What is expected:
Your answer must be every line of the data that holds the string "picture".

Data records:
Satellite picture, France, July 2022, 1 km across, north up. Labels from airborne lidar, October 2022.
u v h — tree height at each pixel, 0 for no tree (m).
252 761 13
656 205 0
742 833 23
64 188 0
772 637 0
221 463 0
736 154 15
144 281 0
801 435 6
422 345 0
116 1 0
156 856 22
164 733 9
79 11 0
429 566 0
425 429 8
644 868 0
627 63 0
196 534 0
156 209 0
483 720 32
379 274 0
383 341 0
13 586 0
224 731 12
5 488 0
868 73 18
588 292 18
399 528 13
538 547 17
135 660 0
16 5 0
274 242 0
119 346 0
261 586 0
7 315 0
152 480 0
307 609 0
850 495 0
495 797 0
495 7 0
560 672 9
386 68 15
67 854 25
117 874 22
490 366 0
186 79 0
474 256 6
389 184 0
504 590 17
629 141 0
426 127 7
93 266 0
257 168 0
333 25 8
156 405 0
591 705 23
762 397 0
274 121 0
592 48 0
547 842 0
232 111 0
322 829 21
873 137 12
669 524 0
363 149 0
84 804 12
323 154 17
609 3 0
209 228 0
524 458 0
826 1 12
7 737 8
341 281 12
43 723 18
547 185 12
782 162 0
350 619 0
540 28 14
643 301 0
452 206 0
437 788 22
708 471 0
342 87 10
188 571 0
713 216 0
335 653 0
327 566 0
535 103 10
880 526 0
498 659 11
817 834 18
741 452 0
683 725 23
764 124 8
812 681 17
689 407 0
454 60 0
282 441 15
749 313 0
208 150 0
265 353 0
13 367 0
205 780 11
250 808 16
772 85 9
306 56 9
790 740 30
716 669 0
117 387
==
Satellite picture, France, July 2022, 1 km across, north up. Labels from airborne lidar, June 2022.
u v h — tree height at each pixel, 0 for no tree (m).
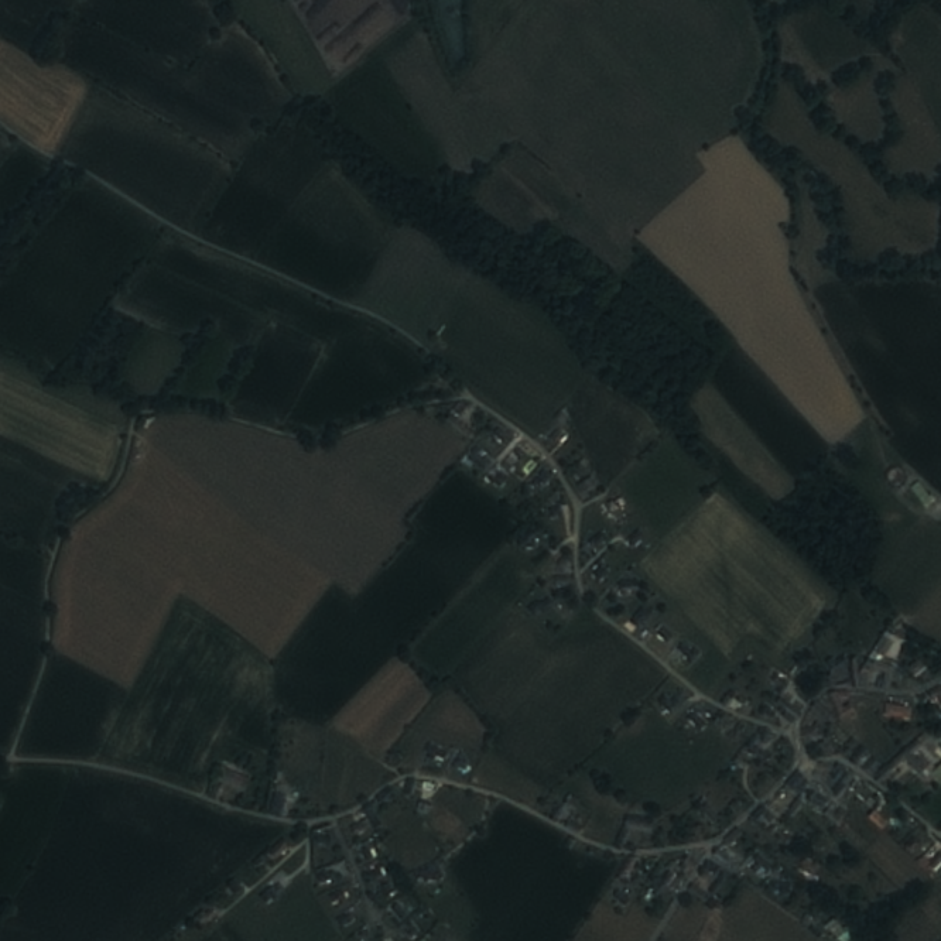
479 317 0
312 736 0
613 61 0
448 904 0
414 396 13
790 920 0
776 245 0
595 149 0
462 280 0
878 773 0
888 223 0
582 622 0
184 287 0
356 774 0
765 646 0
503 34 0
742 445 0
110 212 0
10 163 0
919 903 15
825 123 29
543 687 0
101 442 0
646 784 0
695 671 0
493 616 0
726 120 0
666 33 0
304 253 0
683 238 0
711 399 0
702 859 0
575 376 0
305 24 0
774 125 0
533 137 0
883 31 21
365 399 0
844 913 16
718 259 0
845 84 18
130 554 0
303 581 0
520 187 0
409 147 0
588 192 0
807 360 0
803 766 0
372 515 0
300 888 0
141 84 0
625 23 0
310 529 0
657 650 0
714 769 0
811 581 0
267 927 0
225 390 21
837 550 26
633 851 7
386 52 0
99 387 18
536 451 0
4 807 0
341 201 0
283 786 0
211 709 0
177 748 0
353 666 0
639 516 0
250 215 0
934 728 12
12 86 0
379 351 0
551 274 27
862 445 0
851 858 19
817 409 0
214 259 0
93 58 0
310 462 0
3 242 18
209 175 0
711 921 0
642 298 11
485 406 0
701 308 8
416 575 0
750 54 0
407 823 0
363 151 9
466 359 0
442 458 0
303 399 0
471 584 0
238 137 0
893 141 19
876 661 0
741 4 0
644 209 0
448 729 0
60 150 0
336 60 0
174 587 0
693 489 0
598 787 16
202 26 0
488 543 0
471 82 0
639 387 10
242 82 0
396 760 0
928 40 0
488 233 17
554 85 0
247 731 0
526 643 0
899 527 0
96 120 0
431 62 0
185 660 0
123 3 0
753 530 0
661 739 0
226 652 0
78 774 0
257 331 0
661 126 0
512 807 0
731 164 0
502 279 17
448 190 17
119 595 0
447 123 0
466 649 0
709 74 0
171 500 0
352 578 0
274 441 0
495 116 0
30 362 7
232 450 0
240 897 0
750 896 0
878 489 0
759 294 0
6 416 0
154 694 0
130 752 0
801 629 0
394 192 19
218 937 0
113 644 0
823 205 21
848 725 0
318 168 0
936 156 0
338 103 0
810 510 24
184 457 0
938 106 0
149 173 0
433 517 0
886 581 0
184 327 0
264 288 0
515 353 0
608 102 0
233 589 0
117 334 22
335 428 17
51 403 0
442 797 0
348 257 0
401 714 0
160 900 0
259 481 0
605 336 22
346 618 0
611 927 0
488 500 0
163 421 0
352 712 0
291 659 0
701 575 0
--
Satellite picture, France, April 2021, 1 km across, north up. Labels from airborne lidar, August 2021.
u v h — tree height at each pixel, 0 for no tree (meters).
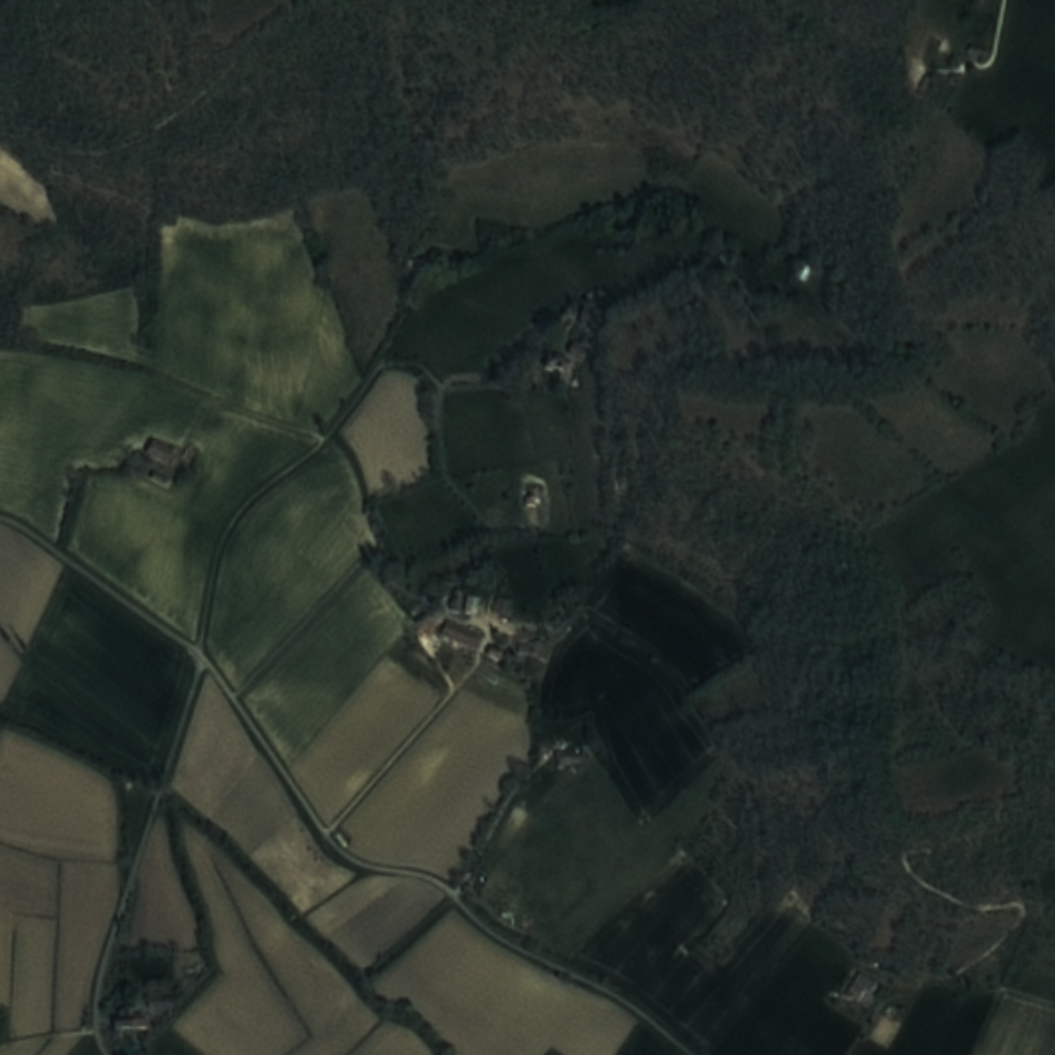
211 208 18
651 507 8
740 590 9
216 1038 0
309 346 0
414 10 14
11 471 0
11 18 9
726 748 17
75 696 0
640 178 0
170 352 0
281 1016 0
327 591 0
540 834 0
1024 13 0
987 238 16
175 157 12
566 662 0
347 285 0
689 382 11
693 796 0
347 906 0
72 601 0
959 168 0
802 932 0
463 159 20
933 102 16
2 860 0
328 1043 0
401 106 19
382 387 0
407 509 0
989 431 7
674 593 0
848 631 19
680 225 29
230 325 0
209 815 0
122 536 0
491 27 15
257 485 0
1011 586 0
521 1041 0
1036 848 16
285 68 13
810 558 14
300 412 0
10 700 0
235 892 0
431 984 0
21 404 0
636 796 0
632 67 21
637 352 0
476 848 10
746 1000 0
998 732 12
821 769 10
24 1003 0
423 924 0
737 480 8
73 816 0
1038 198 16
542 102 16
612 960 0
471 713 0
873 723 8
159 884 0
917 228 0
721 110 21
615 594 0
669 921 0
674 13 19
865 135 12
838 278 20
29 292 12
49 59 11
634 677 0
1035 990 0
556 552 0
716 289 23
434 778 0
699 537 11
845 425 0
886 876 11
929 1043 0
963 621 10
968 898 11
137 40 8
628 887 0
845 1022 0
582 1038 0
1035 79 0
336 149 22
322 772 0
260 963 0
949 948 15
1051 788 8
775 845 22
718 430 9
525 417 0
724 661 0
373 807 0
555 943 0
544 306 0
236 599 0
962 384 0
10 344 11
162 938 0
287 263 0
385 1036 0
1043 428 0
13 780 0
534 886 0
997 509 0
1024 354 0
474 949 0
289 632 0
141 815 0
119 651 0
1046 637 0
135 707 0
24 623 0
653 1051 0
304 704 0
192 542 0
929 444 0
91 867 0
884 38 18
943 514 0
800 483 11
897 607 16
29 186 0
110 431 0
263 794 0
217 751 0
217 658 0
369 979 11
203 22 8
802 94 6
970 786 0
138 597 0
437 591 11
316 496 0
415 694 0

Task result:
Satellite picture, France, July 2022, 1 km across, north up. Labels from airborne lidar, October 2022.
Satellite picture, France, July 2022, 1 km across, north up. Labels from airborne lidar, June 2022.
Satellite picture, France, April 2021, 1 km across, north up. Labels from airborne lidar, August 2021.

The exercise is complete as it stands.